Ceci n'est pas une pipe : Hier
Scène

Ceci n’est pas une pipe : Hier

Ceci n’est pas une pipe. Mais il y a de quoi casser la sienne. Une pièce de théâtre qui pourrait bien faire fumer les esprits trop quiets…

Hier. Tout ce qui s’est produit et qu’on a laissé faire. Toutes ces petites révolutions manquées, ces moments où, au lieu de nous révolter, nous avons esquissé un sourire – à bien y penser un sourire niais. La pièce de théâtre Ceci n’est pas une pipe, présentée au Centre des arts et de la culture jusqu’au 20 mai, est un véritable coup de fouet pour une société dont le PIB se concentre autour de la culture du silence. Le texte franc, mordant et dérangeant, est un ultime appel à la lucidité. Josée Gagnon (Pierre, Marie… et le démon, Toilette de soirée), à la fois productrice du spectacle et comédienne, explique ce qui l’a poussée à choisir ce texte de Stéphane Hogue: "À un moment donné, il faut provoquer nos pensées si on veut avancer. On est dans une espèce de société où on veut endormir les gens. On veut surtout pas qu’ils réfléchissent trop, qu’ils s’affirment trop. Les gens qui s’affirment et qui sont francs, ce sont des menaces. On veut se conforter, en tant que groupe. On ne veut surtout pas se remettre en question. Il faut le faire. Il y a des gens qui ont envie d’être provoqués, qui ont envie d’avoir ce débat-là. Et il y a les autres qui veulent se foutre la tête dans le sable et ne surtout pas l’entendre… Ça prend trop d’énergie, se remettre en question. Mais les gens qui se remettent en question, ce sont les plus belles personnes, les plus intéressantes à rencontrer."
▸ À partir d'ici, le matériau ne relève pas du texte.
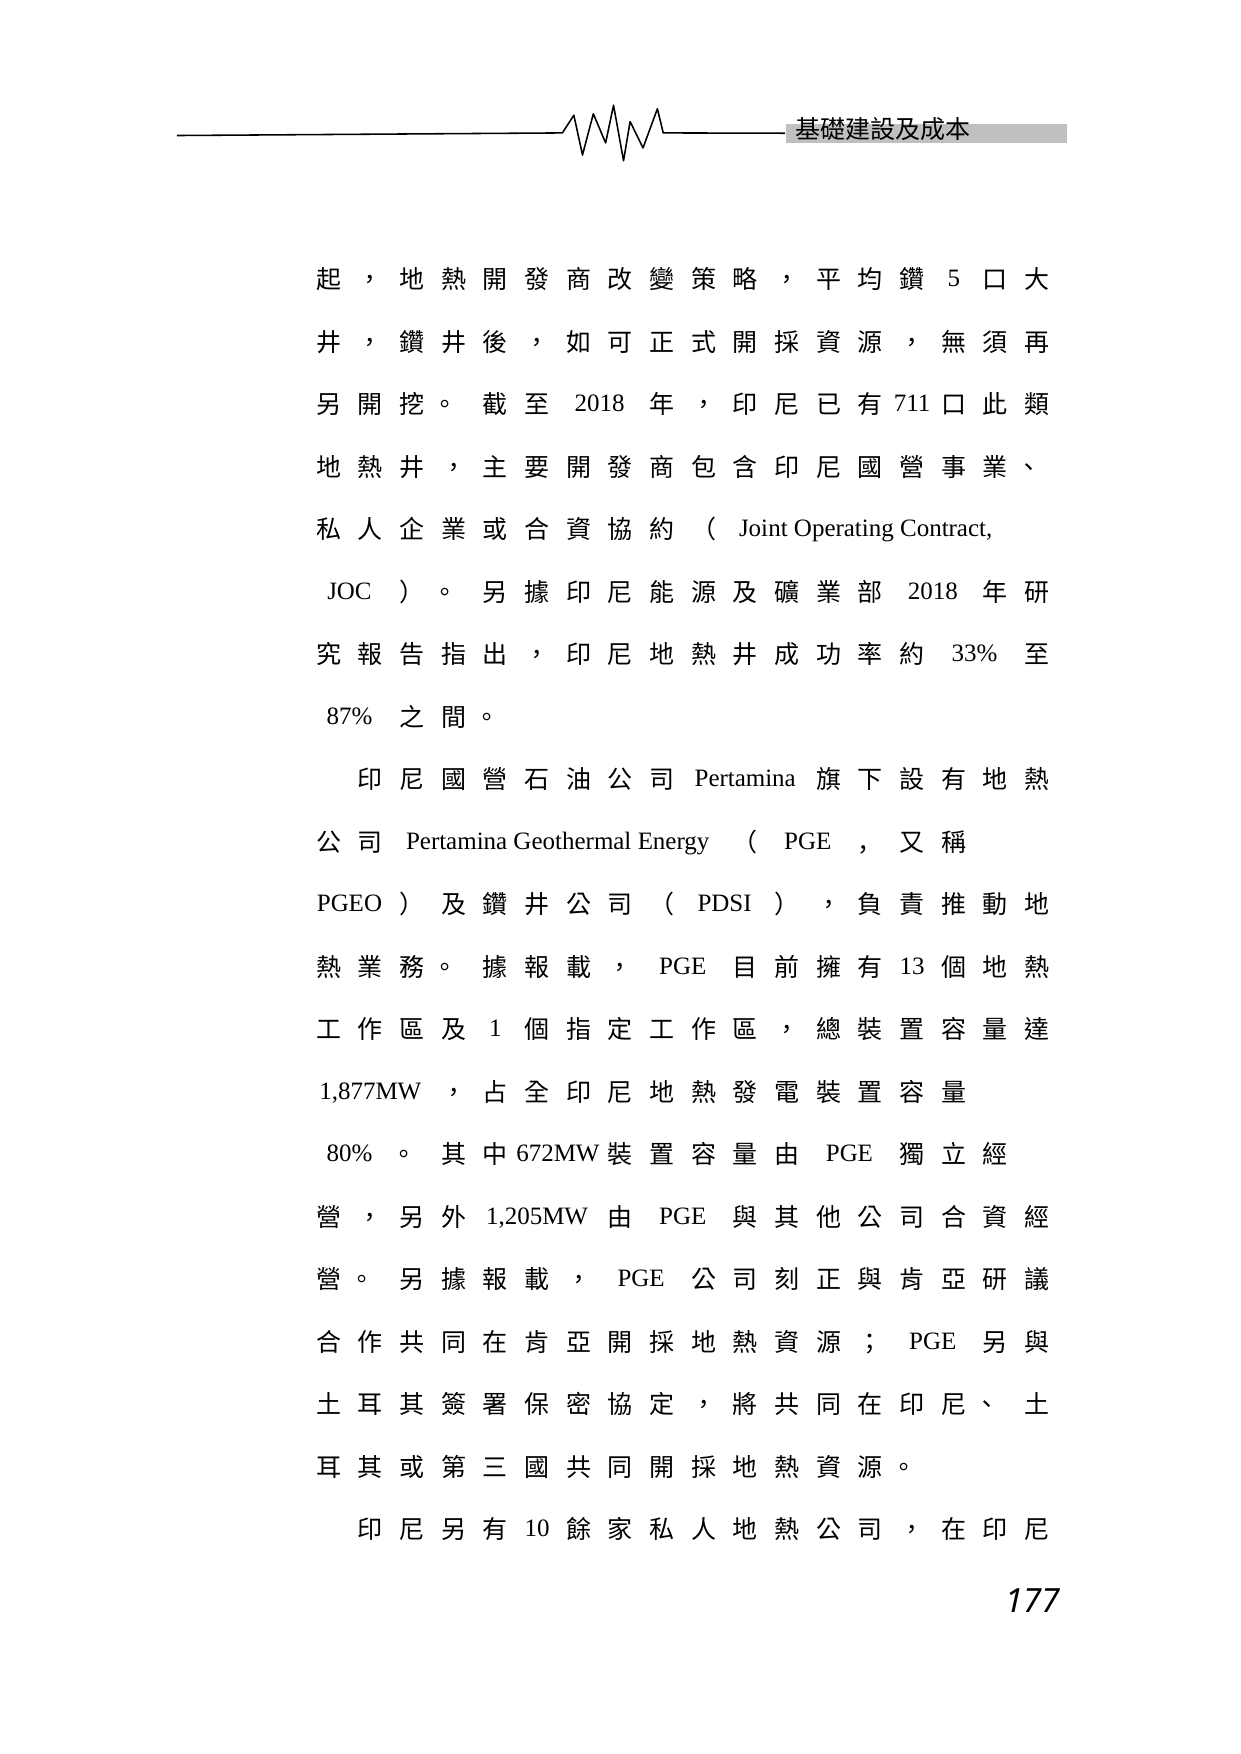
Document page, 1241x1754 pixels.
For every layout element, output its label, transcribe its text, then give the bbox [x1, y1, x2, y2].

text 起，地熱開發商改變策略，平均鑽5口大井，鑽井後，如可正式開採資源，無須再另開挖。截至2018年，印尼已有711口此類地熱井，主要開發商包含印尼國營事業、私人企業或合資協約（Joint Operating Contract, JOC）。另據印尼能源及礦業部2018年研究報告指出，印尼地熱井成功率約33%至87%之間。 [281, 236, 1058, 736]
text 印尼國營石油公司Pertamina旗下設有地熱公司Pertamina Geothermal Energy（PGE，又稱PGEO）及鑽井公司（PDSI），負責推動地熱業務。據報載，PGE目前擁有13個地熱工作區及1個指定工作區，總裝置容量達1,877MW，占全印尼地熱發電裝置容量80%。其中672MW裝置容量由PGE獨立經營，另外1,205MW由PGE與其他公司合資經營。另據報載，PGE公司刻正與肯亞研議合作共同在肯亞開採地熱資源；PGE另與土耳其簽署保密協定，將共同在印尼、土耳其或第三國共同開採地熱資源。 [281, 736, 1058, 1486]
text 印尼另有10餘家私人地熱公司，在印尼 [281, 1486, 1058, 1549]

Que cela soit dit: le dialogue est très difficile. Heureusement, grâce au décor d’Isabelle Sheehy, sous les bons conseils du metteur en scène Dominick Bédard, l’escalade de la violence est présentée en papillote colorée, comme un bonbon sur. Une fois averti, on peut en saisir toute la saveur. Deux décors monochromes. Deux couples de personnages. Deux récits. Toujours la même histoire. "Il y a des mots… des mots grinçants, affirme Patrice Leblanc (La Farce de maître Pierre Pathelin). Je ne sais pas quoi en retirer. Je pense que je n’ai pas assez de recul pour savoir ce que ça peut faire pour quelqu’un qui arrive dans la salle, qui reçoit tout d’une shot et qui ne serait pas habitué au théâtre engagé… Mais c’est sûr que ça fait réfléchir. Ce qu’on entend est très dur, ce qu’on voit est rigolo." Ce qui n’est pas sans rappeler les frasques de Leblanc au sein de la troupe du Théâtre du Faux-Coffre.

Le jeu des deux comédiens est percutant. Pas question de vendre la mèche, mais Leblanc réussit même à faire vivre à la salle une certaine peur, jouant avec les limites de la représentation. Ils nous font osciller sur la corde raide tendue entre le rire et le malaise.

La mise en scène de Bédard est simple et efficace. "Il est très stimulant, Dominick, affirme la productrice. Il sait tout faire. Il a joué, il a fait de la mise en scène, de la conception sonore, de la conception d’éclairages… J’avais besoin de quelqu’un sur qui je pouvais vraiment m’appuyer." Les effets spéciaux les plus éblouissants n’auraient pu rendre avec une plus grande force de frappe le propos difficile de la pièce. Les nombreuses saynètes, particulièrement rythmées dans la première moitié du spectacle, sont entrecoupées de blacks. "Il s’installe un jeu avec les spectateurs, déclare la comédienne, ravie. On les sent qui se demandent: "Où est-ce qu’ils vont être?" Et moi, quand je m’installe, j’ai hâte de leur montrer comment je suis rendue." Ces moments de noir total sont comblés de sampling (échantillonnage) musical, particulièrement efficace en première partie.

Difficile de dire comment on sort de cette pièce coup de poing. Si elle provoque autant la réflexion, c’est peut-être parce qu’elle agit comme un miroir grossissant qui réfléchit les tares de notre société. "Jusqu’où peut-on aller trop loin?" Cette phrase, tranchante dans la pénombre du théâtre, continue de hanter longtemps par la suite.